*** Opening GIVEN INFORMATION ***
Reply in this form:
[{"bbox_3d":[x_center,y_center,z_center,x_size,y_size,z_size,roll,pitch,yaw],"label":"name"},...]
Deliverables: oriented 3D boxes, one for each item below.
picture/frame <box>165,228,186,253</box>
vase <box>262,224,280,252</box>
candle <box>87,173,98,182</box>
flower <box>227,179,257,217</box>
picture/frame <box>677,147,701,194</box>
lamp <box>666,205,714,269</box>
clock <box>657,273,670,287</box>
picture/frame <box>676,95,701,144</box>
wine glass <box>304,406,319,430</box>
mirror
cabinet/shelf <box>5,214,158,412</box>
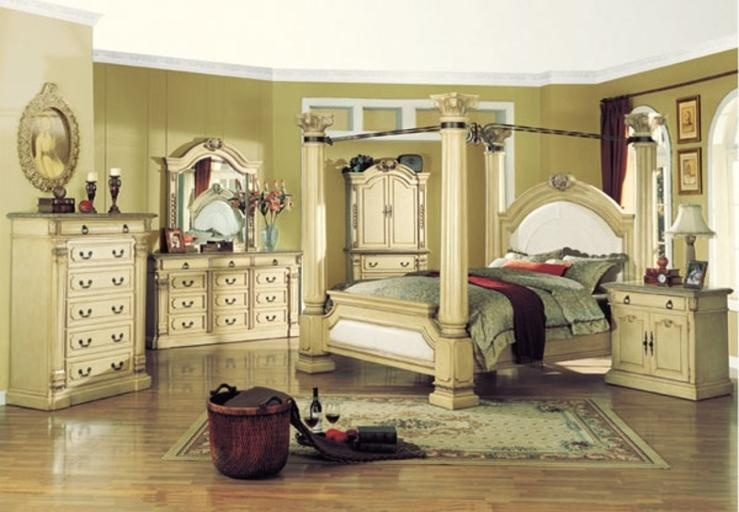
[{"bbox_3d":[-2.497,-0.197,8.585,0.026,0.344,0.302,-15,-5,39],"label":"picture/frame"},{"bbox_3d":[-1.335,-0.254,9.135,0.193,0.352,0.317,-2,7,-18],"label":"vase"},{"bbox_3d":[-2.635,-0.758,6.404,0.106,0.077,0.105,1,-4,-3],"label":"candle"},{"bbox_3d":[-1.732,-0.795,9.196,0.474,0.502,0.436,0,-3,-11],"label":"flower"},{"bbox_3d":[3.809,-1.010,7.968,0.068,0.543,0.354,-2,7,-18],"label":"picture/frame"},{"bbox_3d":[3.127,-0.198,6.905,0.597,0.698,0.590,-1,2,12],"label":"lamp"},{"bbox_3d":[2.908,0.226,6.643,0.068,0.114,0.041,-8,-15,37],"label":"clock"},{"bbox_3d":[3.812,-1.625,8.003,0.062,0.553,0.380,-3,8,-26],"label":"picture/frame"},{"bbox_3d":[-0.434,1.257,5.171,0.116,0.221,0.177,-1,7,-4],"label":"wine glass"},{"bbox_3d":[-2.124,-0.803,8.988,1.539,1.623,0.273,-2,4,-36],"label":"mirror"},{"bbox_3d":[-2.675,0.466,6.182,1.273,1.739,0.502,-4,8,-28],"label":"cabinet/shelf"}]
*** Closing GIVEN INFORMATION ***
**TASK DIRECTIONS**
Print all entries exactly, without images.

**RESPONSE AREA**
Reply in this form:
[{"bbox_3d":[x_center,y_center,z_center,x_size,y_size,z_size,roll,pitch,yaw],"label":"name"},...]
Deliverables: oriented 3D boxes, one for each item below.
picture/frame <box>165,228,186,253</box>
vase <box>262,224,280,252</box>
candle <box>87,173,98,182</box>
flower <box>227,179,257,217</box>
picture/frame <box>677,147,701,194</box>
lamp <box>666,205,714,269</box>
clock <box>657,273,670,287</box>
picture/frame <box>676,95,701,144</box>
wine glass <box>304,406,319,430</box>
mirror
cabinet/shelf <box>5,214,158,412</box>
[{"bbox_3d":[-2.497,-0.197,8.585,0.026,0.344,0.302,-15,-5,39],"label":"picture/frame"},{"bbox_3d":[-1.335,-0.254,9.135,0.193,0.352,0.317,-2,7,-18],"label":"vase"},{"bbox_3d":[-2.635,-0.758,6.404,0.106,0.077,0.105,1,-4,-3],"label":"candle"},{"bbox_3d":[-1.732,-0.795,9.196,0.474,0.502,0.436,0,-3,-11],"label":"flower"},{"bbox_3d":[3.809,-1.010,7.968,0.068,0.543,0.354,-2,7,-18],"label":"picture/frame"},{"bbox_3d":[3.127,-0.198,6.905,0.597,0.698,0.590,-1,2,12],"label":"lamp"},{"bbox_3d":[2.908,0.226,6.643,0.068,0.114,0.041,-8,-15,37],"label":"clock"},{"bbox_3d":[3.812,-1.625,8.003,0.062,0.553,0.380,-3,8,-26],"label":"picture/frame"},{"bbox_3d":[-0.434,1.257,5.171,0.116,0.221,0.177,-1,7,-4],"label":"wine glass"},{"bbox_3d":[-2.124,-0.803,8.988,1.539,1.623,0.273,-2,4,-36],"label":"mirror"},{"bbox_3d":[-2.675,0.466,6.182,1.273,1.739,0.502,-4,8,-28],"label":"cabinet/shelf"}]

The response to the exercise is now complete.